● **WORK TO BE COMPLETED**: Print word for word the records from the line containing "the pallet <box>296,0,322,17</box>?" through the end.

■ ■ ■ ■ ■

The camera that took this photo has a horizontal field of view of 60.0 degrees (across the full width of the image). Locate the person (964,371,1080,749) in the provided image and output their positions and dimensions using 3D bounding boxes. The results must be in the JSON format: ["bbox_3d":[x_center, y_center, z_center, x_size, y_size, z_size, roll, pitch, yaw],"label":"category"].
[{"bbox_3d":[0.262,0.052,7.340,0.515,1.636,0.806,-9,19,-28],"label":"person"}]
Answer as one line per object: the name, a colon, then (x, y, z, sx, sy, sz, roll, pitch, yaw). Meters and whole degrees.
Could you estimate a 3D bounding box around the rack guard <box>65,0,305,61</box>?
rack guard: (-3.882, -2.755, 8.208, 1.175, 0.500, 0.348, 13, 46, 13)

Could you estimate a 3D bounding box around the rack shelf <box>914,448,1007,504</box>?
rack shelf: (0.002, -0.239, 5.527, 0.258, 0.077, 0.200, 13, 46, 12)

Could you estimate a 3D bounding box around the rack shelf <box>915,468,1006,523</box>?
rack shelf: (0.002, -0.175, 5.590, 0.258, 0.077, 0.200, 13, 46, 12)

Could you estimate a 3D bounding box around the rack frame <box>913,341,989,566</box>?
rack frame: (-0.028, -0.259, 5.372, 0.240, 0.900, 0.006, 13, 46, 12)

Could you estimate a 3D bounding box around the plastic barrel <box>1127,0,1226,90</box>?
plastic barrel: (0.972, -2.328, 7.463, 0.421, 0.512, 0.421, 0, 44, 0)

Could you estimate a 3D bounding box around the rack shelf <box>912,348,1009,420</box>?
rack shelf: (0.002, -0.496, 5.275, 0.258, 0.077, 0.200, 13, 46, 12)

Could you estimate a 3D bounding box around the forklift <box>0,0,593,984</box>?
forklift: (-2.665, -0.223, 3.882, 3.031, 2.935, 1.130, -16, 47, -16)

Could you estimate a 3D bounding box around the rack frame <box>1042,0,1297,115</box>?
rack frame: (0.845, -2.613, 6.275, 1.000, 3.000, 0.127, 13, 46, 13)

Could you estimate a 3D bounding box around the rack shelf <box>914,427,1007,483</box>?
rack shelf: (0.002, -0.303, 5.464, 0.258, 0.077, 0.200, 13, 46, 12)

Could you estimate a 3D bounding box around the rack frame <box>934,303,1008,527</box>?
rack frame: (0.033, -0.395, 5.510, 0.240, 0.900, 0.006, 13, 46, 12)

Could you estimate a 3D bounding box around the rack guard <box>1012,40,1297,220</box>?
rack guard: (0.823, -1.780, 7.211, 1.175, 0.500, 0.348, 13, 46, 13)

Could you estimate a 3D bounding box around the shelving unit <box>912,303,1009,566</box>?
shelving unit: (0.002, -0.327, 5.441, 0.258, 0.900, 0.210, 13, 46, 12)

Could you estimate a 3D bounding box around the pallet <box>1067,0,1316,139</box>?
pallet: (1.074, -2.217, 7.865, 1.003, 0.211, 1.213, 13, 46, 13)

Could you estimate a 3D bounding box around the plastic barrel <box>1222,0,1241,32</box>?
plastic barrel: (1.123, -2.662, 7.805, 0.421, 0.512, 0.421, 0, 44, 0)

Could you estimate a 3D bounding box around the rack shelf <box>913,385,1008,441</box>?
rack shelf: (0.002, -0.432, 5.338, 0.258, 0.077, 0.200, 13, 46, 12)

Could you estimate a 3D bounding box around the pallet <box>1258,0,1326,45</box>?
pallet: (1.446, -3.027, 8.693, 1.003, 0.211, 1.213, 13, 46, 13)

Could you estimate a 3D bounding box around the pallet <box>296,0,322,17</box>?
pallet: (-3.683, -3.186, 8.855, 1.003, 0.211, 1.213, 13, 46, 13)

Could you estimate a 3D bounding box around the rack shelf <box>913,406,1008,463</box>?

■ ■ ■ ■ ■

● **ANSWER TO THE PROBLEM**:
Could you estimate a 3D bounding box around the pallet <box>296,0,322,17</box>?
pallet: (-3.683, -3.186, 8.855, 1.003, 0.211, 1.213, 13, 46, 13)

Could you estimate a 3D bounding box around the rack shelf <box>913,406,1008,463</box>?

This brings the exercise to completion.